What you will do. Could you output exactly the lines from the one containing "Locate the text block" through the end of the records below, and nothing more?

BEGIN Material supplied

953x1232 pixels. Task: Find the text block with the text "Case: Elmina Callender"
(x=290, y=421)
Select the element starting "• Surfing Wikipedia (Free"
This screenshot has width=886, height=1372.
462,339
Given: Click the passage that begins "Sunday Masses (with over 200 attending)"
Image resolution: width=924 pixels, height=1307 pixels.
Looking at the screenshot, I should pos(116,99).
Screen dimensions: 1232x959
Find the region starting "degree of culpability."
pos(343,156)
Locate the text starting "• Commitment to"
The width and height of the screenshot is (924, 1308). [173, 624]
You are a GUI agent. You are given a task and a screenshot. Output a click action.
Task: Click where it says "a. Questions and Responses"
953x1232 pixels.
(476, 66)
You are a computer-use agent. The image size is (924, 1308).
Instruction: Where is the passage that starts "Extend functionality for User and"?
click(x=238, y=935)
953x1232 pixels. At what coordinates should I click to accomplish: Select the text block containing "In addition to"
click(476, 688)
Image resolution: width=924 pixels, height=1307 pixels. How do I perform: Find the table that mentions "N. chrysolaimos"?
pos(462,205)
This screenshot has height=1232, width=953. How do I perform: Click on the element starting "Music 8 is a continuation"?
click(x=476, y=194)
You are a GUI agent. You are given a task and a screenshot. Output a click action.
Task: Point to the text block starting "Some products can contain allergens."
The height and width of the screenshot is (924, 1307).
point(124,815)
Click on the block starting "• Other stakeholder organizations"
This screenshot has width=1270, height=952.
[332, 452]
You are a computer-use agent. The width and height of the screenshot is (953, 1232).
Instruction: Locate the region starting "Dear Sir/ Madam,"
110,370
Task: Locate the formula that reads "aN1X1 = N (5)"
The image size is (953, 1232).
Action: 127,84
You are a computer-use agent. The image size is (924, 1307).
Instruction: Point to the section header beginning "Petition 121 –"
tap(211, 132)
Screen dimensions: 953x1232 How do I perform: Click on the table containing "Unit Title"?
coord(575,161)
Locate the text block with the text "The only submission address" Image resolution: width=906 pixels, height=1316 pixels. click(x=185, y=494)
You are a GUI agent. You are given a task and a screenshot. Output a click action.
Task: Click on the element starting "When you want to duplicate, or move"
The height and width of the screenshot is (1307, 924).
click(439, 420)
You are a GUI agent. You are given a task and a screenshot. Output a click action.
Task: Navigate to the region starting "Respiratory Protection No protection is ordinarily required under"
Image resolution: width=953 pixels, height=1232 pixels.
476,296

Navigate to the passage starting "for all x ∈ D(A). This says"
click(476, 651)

END Material supplied

Result of the task.
Locate the text block with the text "The only submission address" Image resolution: width=906 pixels, height=1316 pixels. click(x=185, y=494)
You are a GUI agent. You are given a task and a screenshot. Output a click action.
Task: Click on the element starting "When you want to duplicate, or move"
The height and width of the screenshot is (1307, 924).
click(439, 420)
You are a GUI agent. You are given a task and a screenshot. Output a click action.
Task: Navigate to the region starting "Respiratory Protection No protection is ordinarily required under"
Image resolution: width=953 pixels, height=1232 pixels.
476,296

Navigate to the passage starting "for all x ∈ D(A). This says"
click(476, 651)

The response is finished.